Directions for this task >>
Across these entries, count the lines holding the string "that"; the number is the whole answer.

Data >>
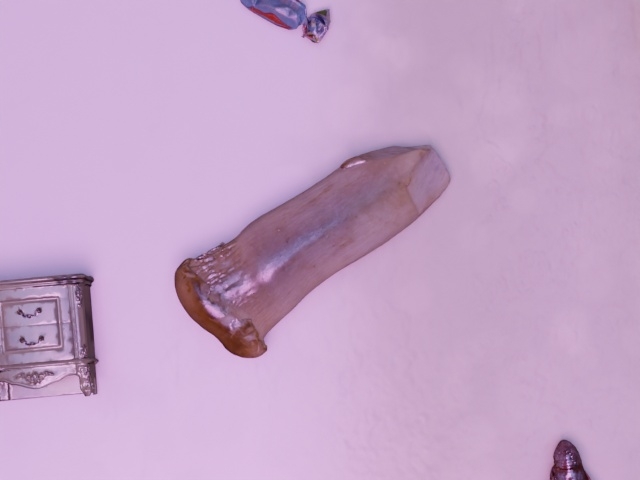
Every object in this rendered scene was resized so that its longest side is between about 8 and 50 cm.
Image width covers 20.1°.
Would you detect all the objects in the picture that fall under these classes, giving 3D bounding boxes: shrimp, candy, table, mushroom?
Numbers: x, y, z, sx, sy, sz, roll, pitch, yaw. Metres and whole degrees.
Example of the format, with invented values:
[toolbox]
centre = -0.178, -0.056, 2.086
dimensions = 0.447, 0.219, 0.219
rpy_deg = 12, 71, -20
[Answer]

Exercise response >>
2